For many people with ongoing health problems, life has changed since a diagnosis and they’ve had to adapt their work, adjust to medications and find ways to fit their illness around their lives. These are often the people you think of when you hear ‘chronic illness’. These are the people you meet through work, it’s ‘Janet – the one who needs a special chair’ or ‘Ahmed – the one who has a lot of doctor’s appointments and has to come into work a bit late.’ Within your social circle there are often people with asthma, depression, an auto immune disease you’ve only vaguely heard of, and they seem to muddle through life okay as long as they have their medications and support.
What people don’t see are the huge numbers of people who are so drastically affected by their disease, that they are absent from the workplace entirely. They drop out of social circles as they can no longer attend parties and events.
This is the basis for the Millions Missing campaign – a grassroots organisation by the ME/CFS community raising awareness of the millions of people around the world who are literally missing from their lives, often completely housebound or even bedridden.
The same exists for Lyme disease. Some people are able to continue their lives with adjustments, some desperately struggle on but with the constant fear that it might all collapse around them at any time. Some have completely lost their previous lives.
Here we take a look at some of the ways people’s lives have changed as a result of contracting Lyme disease through quotes and stories from our support group.
Annette continues to work 30 hours a week but struggles and is worried about the toll continuing to work is placing on her mental health. She’s waiting for an occupational health referral.
Sarah was a teacher and now runs her own tutoring business from home. “I teach around 3 hours a day. I can only do it as I don’t need to leave the house. It’s still really tough.”
A lot of people were physically fit and active, enjoying a range of outdoor pursuits.
I worked full time in a job I loved and climbed mountains/hiked in my spare time, which is how I got bitten……Now I’m lucky to climb out of bed. – Jeanette
Jill used to be a personal trainer and fitness instructor who taught 15-30 classes per week. She ran boot camps and fat-loss programmes, gave workshops and trained for indoor cycling. “I slowly gave up one class and one job after another as it became more difficult to function. Now I just exist each day at home not doing very much. I find little joy in my life except fighting to keep a roof over my kids heads.”
Many Lyme disease patients not only have to deal with the physical symptoms, but a raft of isolation, frustration and sadness at everything they’ve lost. They can also fear the future as healthcare becomes more stretched, friends drop away, and they question whether their condition will improve.
I had a future ahead of me! Now I don’t. I’m slowly being killed from the inside out! I’m scared for the future. – Charlotte.
Many patients are dependent on family members to carry out household tasks and help them with personal care, all the while relying on them financially.
Cherie used to be a trainer/assessor, enjoyed walking and an active social life. Now she can barely walk a few steps, spends 95% of her time in bed and relies on her son to do the chores.

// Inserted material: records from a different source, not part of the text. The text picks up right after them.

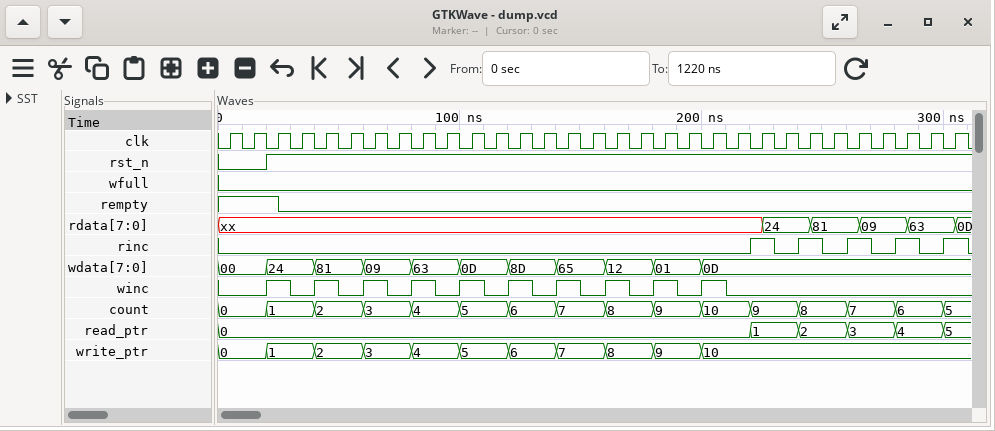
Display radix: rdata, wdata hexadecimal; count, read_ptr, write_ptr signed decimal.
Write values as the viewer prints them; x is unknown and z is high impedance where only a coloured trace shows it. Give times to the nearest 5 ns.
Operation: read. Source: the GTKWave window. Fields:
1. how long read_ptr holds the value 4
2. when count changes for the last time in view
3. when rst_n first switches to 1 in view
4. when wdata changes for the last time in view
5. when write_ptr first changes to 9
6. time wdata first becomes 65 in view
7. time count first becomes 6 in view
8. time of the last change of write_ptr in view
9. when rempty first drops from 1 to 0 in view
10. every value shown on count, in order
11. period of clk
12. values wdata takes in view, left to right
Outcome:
20 ns
300 ns
20 ns
200 ns
180 ns
140 ns
120 ns
200 ns
25 ns
0, 1, 2, 3, 4, 5, 6, 7, 8, 9, 10, 9, 8, 7, 6, 5
10 ns
00, 24, 81, 09, 63, 0D, 8D, 65, 12, 01, 0D
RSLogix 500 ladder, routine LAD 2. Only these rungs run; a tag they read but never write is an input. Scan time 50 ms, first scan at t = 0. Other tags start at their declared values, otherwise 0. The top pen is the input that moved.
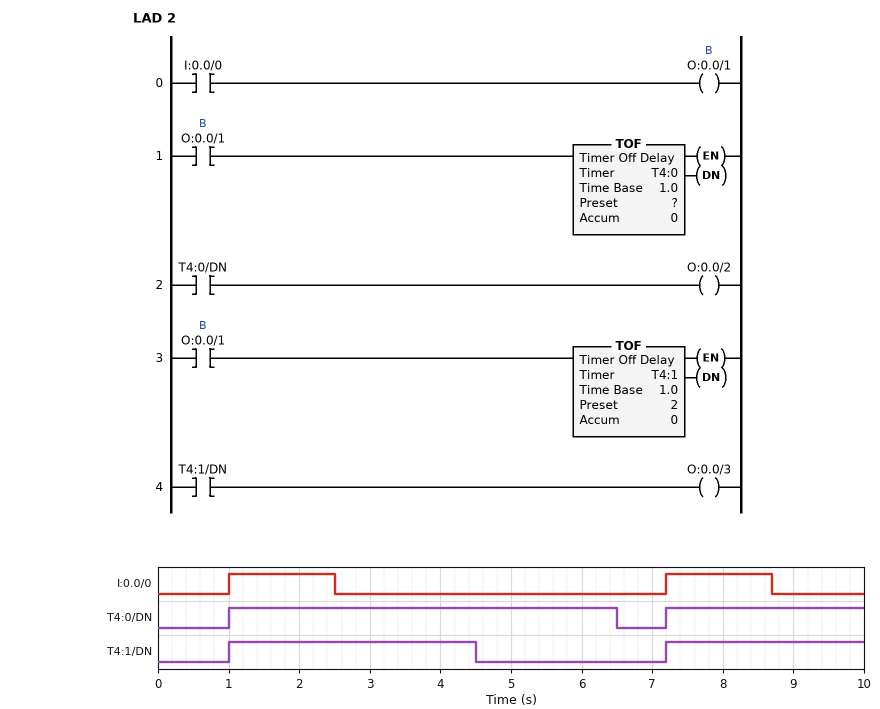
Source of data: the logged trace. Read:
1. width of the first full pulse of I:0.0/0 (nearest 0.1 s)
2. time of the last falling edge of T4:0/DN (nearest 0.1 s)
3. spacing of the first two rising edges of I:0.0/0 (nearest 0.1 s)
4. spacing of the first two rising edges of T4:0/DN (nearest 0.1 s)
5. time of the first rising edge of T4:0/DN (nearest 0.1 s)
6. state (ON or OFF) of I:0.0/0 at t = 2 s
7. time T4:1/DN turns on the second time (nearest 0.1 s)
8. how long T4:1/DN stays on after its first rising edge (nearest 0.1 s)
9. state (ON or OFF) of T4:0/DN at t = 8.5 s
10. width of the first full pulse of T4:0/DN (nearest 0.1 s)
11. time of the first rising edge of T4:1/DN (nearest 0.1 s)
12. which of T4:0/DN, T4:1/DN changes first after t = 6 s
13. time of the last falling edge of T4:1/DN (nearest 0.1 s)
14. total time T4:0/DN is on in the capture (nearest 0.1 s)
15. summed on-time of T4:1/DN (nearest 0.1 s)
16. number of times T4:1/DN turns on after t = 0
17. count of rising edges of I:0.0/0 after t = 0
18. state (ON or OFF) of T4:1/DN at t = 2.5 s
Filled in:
1.5 s
6.5 s
6.2 s
6.2 s
1.0 s
ON
7.2 s
3.5 s
ON
5.5 s
1.0 s
T4:0/DN
4.5 s
8.3 s
6.3 s
2
2
ON
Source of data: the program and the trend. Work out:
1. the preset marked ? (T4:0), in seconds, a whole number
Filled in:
4 s
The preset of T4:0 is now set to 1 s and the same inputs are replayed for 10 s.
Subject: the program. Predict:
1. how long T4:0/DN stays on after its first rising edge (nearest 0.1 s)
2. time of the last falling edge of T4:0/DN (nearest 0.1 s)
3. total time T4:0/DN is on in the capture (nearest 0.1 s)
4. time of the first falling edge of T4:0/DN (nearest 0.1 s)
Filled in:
2.5 s
9.7 s
5.0 s
3.5 s
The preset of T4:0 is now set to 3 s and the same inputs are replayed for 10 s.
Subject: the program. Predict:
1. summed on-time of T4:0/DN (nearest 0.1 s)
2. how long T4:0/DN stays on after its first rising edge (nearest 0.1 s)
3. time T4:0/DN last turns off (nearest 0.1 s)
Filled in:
7.3 s
4.5 s
5.5 s
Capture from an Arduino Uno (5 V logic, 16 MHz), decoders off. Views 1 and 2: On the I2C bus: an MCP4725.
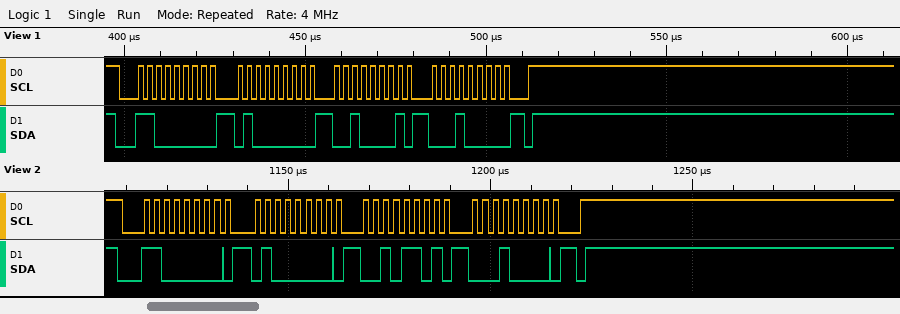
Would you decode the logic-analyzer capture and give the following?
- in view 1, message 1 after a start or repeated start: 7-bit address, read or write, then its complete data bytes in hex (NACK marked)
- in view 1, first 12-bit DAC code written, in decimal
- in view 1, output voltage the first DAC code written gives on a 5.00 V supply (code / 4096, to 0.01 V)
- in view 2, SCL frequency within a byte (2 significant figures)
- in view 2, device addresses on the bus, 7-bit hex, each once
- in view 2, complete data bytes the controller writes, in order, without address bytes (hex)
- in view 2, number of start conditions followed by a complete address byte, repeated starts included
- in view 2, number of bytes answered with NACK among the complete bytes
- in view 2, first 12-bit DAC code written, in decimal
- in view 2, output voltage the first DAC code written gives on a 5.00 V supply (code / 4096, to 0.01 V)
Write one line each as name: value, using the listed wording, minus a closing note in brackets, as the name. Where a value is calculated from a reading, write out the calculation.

in view 1, message 1 after a start or repeated start: 7-bit address, read or write, then its complete data bytes in hex: 0x60 write: 40 21 10
in view 1, first 12-bit DAC code written, in decimal: 529
in view 1, output voltage the first DAC code written gives on a 5.00 V supply: 529 / 4096 x 5.00 V = 0.65 V
in view 2, SCL frequency within a byte: 400 kHz
in view 2, device addresses on the bus, 7-bit hex, each once: 0x60
in view 2, complete data bytes the controller writes, in order, without address bytes: 40 2D 10
in view 2, number of start conditions followed by a complete address byte, repeated starts included: 1
in view 2, number of bytes answered with NACK among the complete bytes: 0
in view 2, first 12-bit DAC code written, in decimal: 721
in view 2, output voltage the first DAC code written gives on a 5.00 V supply: 721 / 4096 x 5.00 V = 0.88 V

Neelu was working as a part-time teaching assistant and also taking evening classes as she intended to become a maths teacher. Now she’s mostly housebound and relies on her retired parents to take care of her.

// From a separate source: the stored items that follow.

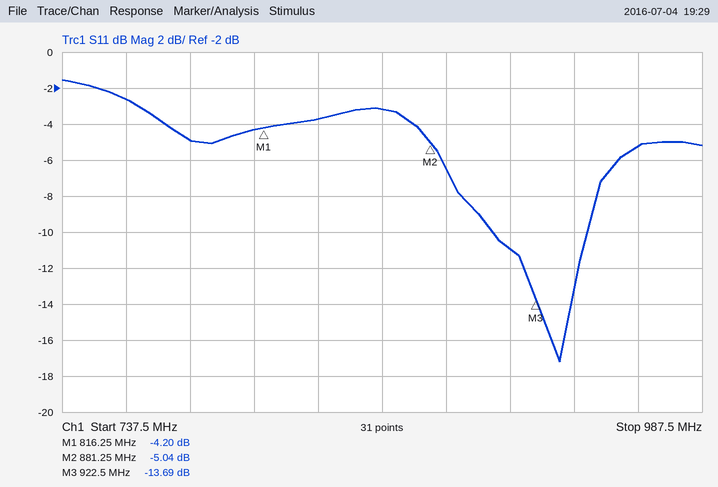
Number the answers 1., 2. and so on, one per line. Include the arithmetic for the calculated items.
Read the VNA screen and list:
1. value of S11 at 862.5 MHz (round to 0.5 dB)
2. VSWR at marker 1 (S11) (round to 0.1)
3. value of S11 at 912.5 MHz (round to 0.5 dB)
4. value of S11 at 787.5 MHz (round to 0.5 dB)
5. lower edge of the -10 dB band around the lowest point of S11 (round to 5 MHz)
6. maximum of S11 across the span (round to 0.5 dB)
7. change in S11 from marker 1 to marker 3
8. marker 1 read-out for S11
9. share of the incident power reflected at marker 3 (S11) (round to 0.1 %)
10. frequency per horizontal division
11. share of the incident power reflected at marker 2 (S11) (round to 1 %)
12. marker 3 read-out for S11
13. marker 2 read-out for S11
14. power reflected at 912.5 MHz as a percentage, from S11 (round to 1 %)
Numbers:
1. -3.0 dB
2. (1 + 0.6166)/(1 − 0.6166) ≈ 4.2
3. -11.0 dB
4. -5.0 dB
5. 905 MHz
6. -1.5 dB
7. -13.69 − (-4.2) = -9.49 dB
8. -4.20 dB
9. 10^(-13.69/10) ≈ 4.3 %
10. 25 MHz
11. 10^(-5.04/10) ≈ 31 %
12. -13.69 dB
13. -5.04 dB
14. 10^(-11/10) ≈ 8 %
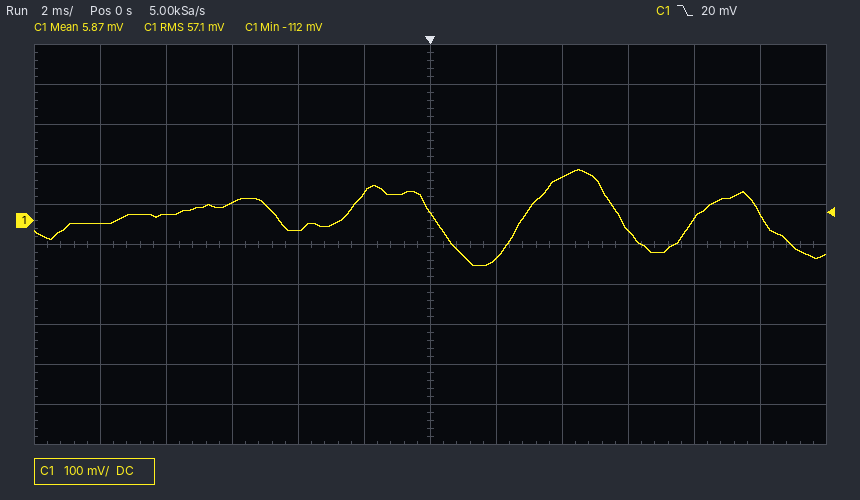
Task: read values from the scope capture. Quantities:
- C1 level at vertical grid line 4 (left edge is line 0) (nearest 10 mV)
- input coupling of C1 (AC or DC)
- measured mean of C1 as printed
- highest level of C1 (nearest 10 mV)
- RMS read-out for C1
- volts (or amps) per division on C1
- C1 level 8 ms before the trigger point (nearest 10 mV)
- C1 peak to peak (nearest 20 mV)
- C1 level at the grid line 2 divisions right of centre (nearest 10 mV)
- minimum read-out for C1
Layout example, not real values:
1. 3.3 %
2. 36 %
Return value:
1. -20 mV
2. DC
3. 5.87 mV
4. 130 mV
5. 57.1 mV
6. 100 mV
7. 20 mV
8. 240 mV
9. 110 mV
10. -112 mV
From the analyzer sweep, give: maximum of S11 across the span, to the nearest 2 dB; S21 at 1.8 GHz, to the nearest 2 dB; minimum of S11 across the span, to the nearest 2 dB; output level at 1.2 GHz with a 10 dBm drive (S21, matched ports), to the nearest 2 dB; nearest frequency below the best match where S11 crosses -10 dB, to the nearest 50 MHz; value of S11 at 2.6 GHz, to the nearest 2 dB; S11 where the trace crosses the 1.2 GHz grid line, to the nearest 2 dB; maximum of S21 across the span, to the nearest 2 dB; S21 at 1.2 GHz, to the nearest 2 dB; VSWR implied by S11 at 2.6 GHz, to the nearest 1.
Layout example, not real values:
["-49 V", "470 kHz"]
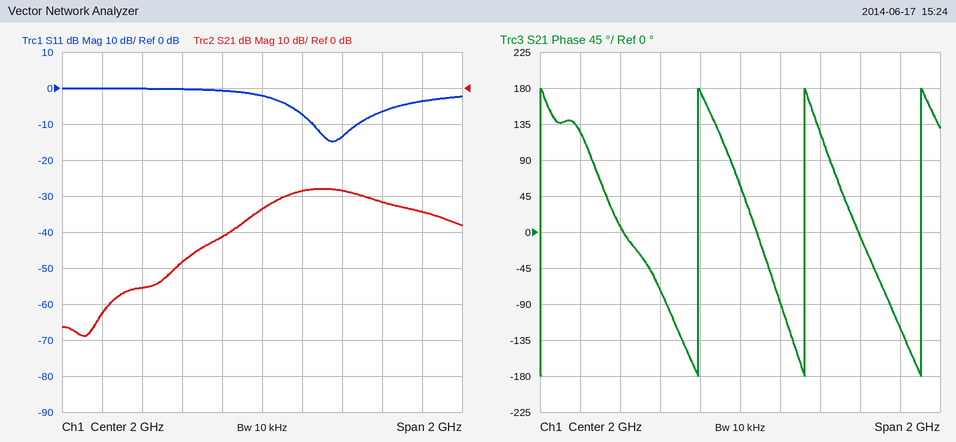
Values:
["0 dB", "-42 dB", "-14 dB", "-52 dBm", "2.25 GHz", "-6 dB", "0 dB", "-28 dB", "-62 dB", "3"]

High flyers aren’t immune either.
I had a senior role in IT consulting working 70+ hour weeks, travelling loads and living out of hotels. On top of that I went to the gym 4-5 times a week, helped family, travelled and had an active social life. [I] now require help with basic tasks and most days am housebound. – Sarah
I worked as a research scientist and had recently been promoted to head of the team. Now, I can’t work at all and spend most of my time indoors/in bed. – Laura
Lyme disease also affects children, hugely impacting their education, well-being and futures.

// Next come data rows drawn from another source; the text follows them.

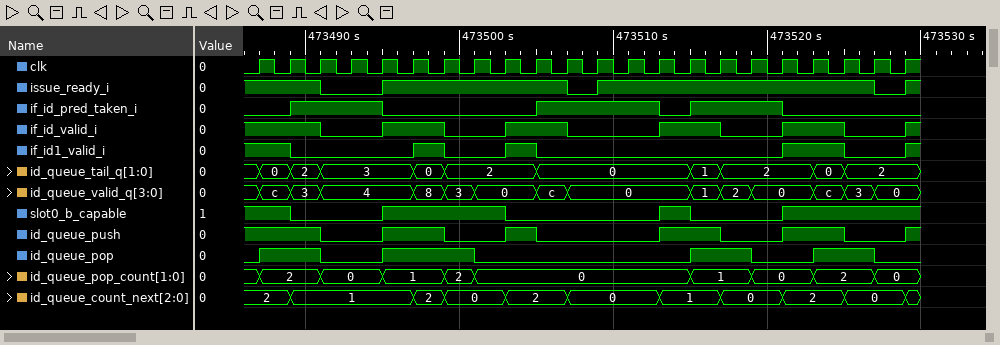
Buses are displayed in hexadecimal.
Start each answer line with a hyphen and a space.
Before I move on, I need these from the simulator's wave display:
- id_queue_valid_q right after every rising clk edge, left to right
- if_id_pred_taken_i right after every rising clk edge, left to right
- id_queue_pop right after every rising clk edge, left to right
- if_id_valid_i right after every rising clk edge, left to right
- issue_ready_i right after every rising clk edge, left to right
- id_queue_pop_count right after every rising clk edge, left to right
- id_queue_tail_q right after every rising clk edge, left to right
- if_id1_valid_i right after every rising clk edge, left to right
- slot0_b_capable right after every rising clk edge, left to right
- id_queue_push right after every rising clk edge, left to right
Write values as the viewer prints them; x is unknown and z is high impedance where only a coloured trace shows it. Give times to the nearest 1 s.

- c, 3, 4, 4, 4, 8, 3, 0, 0, c, 0, 0, 0, 0, 1, 2, 0, 0, c, 3, 0, 0
- 0 1 1 1 0 0 0 0 0 1 1 1 1 0 1 1 1 0 0 0 0 0
- 1 1 0 0 1 1 1 0 0 0 0 0 0 0 1 1 0 0 1 1 0 0
- 1 1 0 0 1 1 0 0 1 1 0 0 0 1 1 0 0 1 1 0 0 1
- 1 1 0 0 1 1 1 1 1 1 0 1 1 1 1 1 1 1 1 1 0 1
- 2, 2, 0, 0, 1, 1, 2, 0, 0, 0, 0, 0, 0, 0, 1, 1, 0, 0, 2, 2, 0, 0
- 0, 2, 3, 3, 3, 0, 2, 2, 2, 0, 0, 0, 0, 0, 1, 2, 2, 2, 0, 2, 2, 2
- 1 0 0 0 0 1 0 0 1 0 0 0 0 0 0 0 0 1 1 0 0 1
- 1 0 0 0 1 1 1 1 0 0 0 0 0 1 0 0 0 1 1 1 1 1
- 1 1 0 0 1 1 0 0 1 0 0 0 0 1 1 0 0 1 1 0 0 1
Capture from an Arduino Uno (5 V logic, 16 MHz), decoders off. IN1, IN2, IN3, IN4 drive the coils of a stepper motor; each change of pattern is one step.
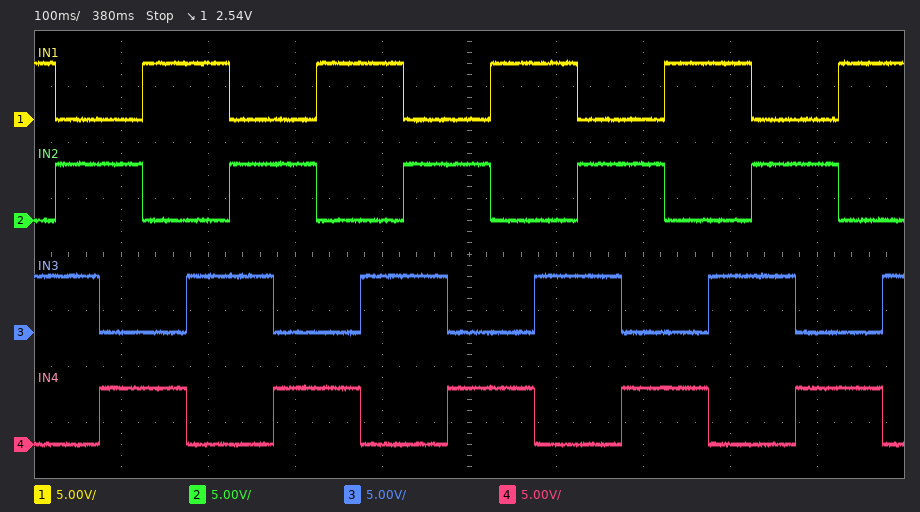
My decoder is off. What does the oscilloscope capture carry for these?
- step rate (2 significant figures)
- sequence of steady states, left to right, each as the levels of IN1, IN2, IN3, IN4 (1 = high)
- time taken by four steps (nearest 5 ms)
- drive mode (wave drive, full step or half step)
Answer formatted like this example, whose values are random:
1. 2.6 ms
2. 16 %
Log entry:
1. 20 steps/s
2. 1010 0110 0101 1001 1010 0110 0101 1001 1010 0110 0101 1001 1010 0110 0101 1001 1010 0110 0101 1001 1010
3. 200 ms
4. full step

” [I was a] normal teenage boy, liked going to school, going out with friends. Wasn’t very good at sport but loved running and was very fast , had won a couple of local races for under 16s. Went on holidays with my parents and loved fast rides and theme parks. Was just starting year 9 when I got ill. Had hopes for good GCSE and A levels and uni like my siblings. Now bedridden most days, manage to attend school about 20% of the time, reduced my GCSEs and know uni is a long way off. I would love to go to a theme park but am reluctant to go in a wheelchair”
Some people do improve hugely on early adequate treatment and return to their normal lives, but sadly there are many patients that fall through the net, never receive early treatment or simply don’t improve on standard treatment later on.
The first step to campaigning for better diagnosis and treatment is increasing the awareness amongst the public and in the medical profession of how devastating the disease can be and just how much people can lose.